#### [WORK INSTRUCTION]
Copy out the listing that follows, exactly, without its pictures.

#### [DATA EXTRACT]
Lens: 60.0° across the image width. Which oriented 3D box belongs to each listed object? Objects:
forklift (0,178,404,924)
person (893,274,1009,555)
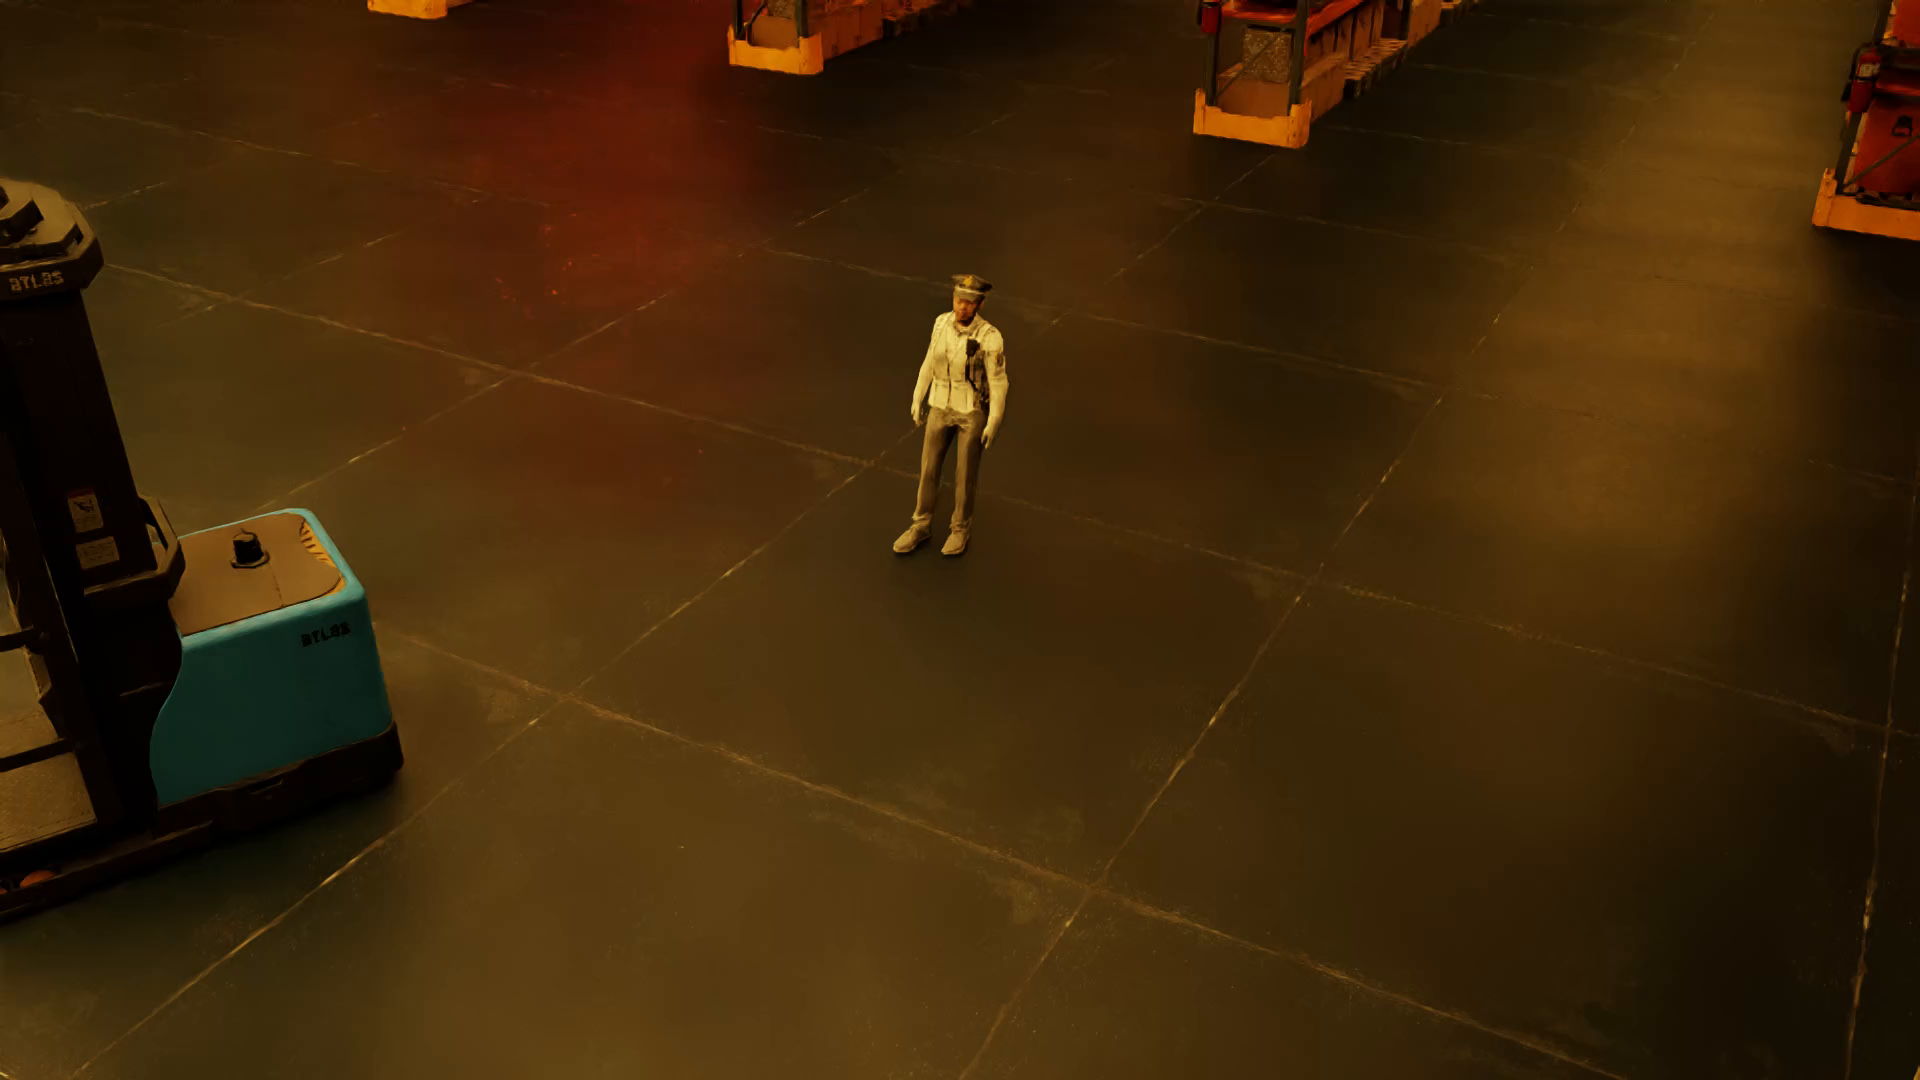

#### [RESULT FOR THIS EXERCISE]
Lens: 60.0° across the image width. Which oriented 3D box belongs to each listed object? Objects:
forklift (0,178,404,924)
person (893,274,1009,555)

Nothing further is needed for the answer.